A legenda da Al Qaeda e a ameaça de um “Inimigo Exterior” está sendo mantido através de uma extensiva propaganda da mídia e do governo

Depois da era do 9/11 a ameaça terrorista vinda da Al Qaeda tem constituido o bloco básico da doutrina militar US-OTAN. Essa justifica – abaixo de um mandato humanitário – a condução de operações contra-terrorismo por todo o mundo.

por Prof Michel Chossudovsky

Global Research - 4 de Julho, 2014

http://www.globalresearch.ca/o-estado-islamico-o-projeto-do-califado-e-a-guerra-global-ao-terrorismo/5389947

Sabido e documentado, Al Qaeda afiliadas entidades foram usadas pela dupla US-OTAN em inúmeros conflitos, como trunfos “activos da inteligência”, desde os dias de apogeu da guerra União Soviética-Afeganistão. Na Síria os rebeldes da Al Nusrah and ISIS, os soldados rasos da aliança militar ocidental, o qual então por seu turno superintende, e controla o recrutamento e o treinamento de forças paramilitares.
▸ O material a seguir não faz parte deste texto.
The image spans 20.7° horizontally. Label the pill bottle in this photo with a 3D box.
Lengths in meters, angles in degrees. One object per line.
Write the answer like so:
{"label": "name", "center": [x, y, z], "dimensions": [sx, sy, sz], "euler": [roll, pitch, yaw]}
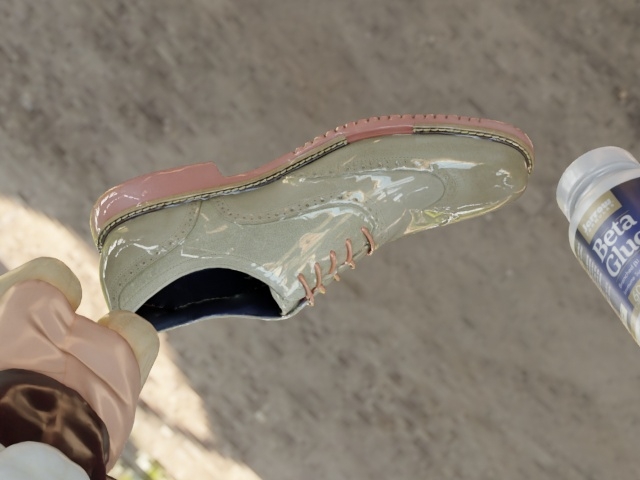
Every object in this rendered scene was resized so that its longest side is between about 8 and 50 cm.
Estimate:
{"label": "pill bottle", "center": [0.242, 0.005, 1.303], "dimensions": [0.169, 0.094, 0.094], "euler": [-119, 6, -46]}

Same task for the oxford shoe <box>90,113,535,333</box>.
{"label": "oxford shoe", "center": [0.000, 0.000, 1.526], "dimensions": [0.140, 0.397, 0.146], "euler": [66, -169, -53]}

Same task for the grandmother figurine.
{"label": "grandmother figurine", "center": [-0.152, 0.109, 0.946], "dimensions": [0.208, 0.104, 0.342], "euler": [27, -167, -5]}
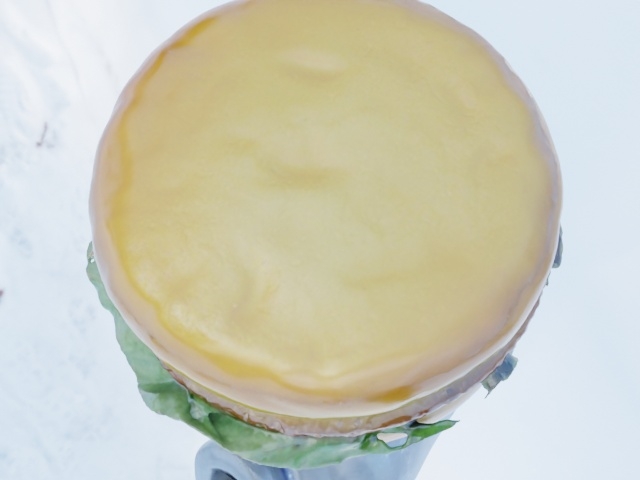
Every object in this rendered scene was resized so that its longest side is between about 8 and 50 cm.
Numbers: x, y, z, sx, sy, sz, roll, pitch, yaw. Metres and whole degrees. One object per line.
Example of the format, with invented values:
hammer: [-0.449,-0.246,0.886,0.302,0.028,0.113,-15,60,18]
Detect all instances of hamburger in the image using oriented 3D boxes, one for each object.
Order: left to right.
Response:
hamburger: [0.001,-0.001,0.499,0.246,0.170,0.246,-1,67,3]

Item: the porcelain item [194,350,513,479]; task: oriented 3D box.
porcelain item: [0.031,0.104,0.636,0.259,0.141,0.141,-28,82,-41]
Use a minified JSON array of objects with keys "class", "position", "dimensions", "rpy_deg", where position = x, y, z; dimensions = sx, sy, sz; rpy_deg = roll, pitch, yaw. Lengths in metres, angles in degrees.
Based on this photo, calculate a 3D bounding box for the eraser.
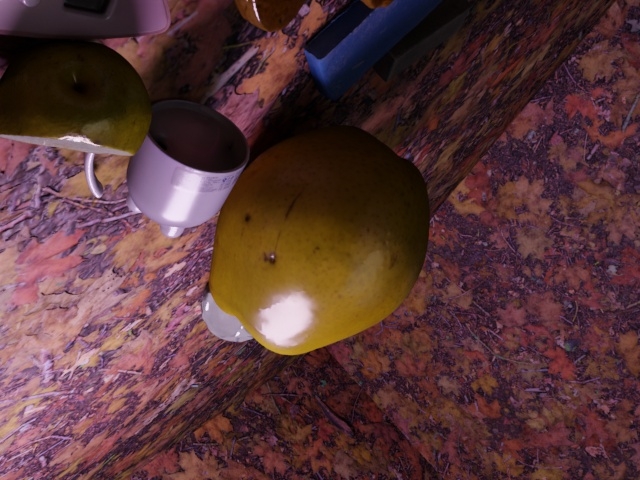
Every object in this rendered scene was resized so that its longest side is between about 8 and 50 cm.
[{"class":"eraser","position":[0.110,-0.362,0.910],"dimensions":[0.312,0.042,0.144],"rpy_deg":[-43,164,-2]}]

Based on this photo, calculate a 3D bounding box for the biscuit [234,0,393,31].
[{"class":"biscuit","position":[0.061,-0.399,0.647],"dimensions":[0.432,0.064,0.282],"rpy_deg":[-36,153,-32]}]

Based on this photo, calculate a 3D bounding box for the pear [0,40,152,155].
[{"class":"pear","position":[-0.228,-0.135,0.533],"dimensions":[0.141,0.141,0.103],"rpy_deg":[9,85,-71]}]

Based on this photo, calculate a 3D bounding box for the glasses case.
[{"class":"glasses case","position":[0.187,-0.377,1.060],"dimensions":[0.205,0.047,0.071],"rpy_deg":[-39,168,-18]}]

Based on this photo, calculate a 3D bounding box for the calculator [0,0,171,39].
[{"class":"calculator","position":[-0.214,-0.248,0.399],"dimensions":[0.330,0.048,0.220],"rpy_deg":[-17,150,-55]}]

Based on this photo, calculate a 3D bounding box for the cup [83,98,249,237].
[{"class":"cup","position":[-0.193,-0.080,0.728],"dimensions":[0.174,0.134,0.142],"rpy_deg":[-27,160,-49]}]

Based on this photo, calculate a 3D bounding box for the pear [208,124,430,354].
[{"class":"pear","position":[0.000,0.000,1.012],"dimensions":[0.418,0.362,0.362],"rpy_deg":[-49,165,-1]}]

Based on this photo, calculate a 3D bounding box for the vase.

Enquanto o Departamento do Estado dos Estados Unidos está acusando vários países de estarem “abrigando terroristas”, a América se apresenta como o “Estado Patrocinador do Terrorismo” Nr.1 : O Estado Islâmico do Iraque e al-Sham (ISIS) – que opera tanto na Síria como no Iraque – é encobertamente apoiado e financiado pelos Estados Unidos e seus aliados, incluindo-se aqui a Turquia, a Arábia Saudita e Catar. Ainda mais, o projeto de califado sunita do Estado Islâmico do Iraque e al-Sham, coincide com uma agenda dos Estados Unidos vindo já de muitos anos, para dividir tanto o Iraque como a Síria em diversos territórios : Um Califado Islâmico Sunita, Uma República Árabe Xiita, e a República do Curdistão, entre outras.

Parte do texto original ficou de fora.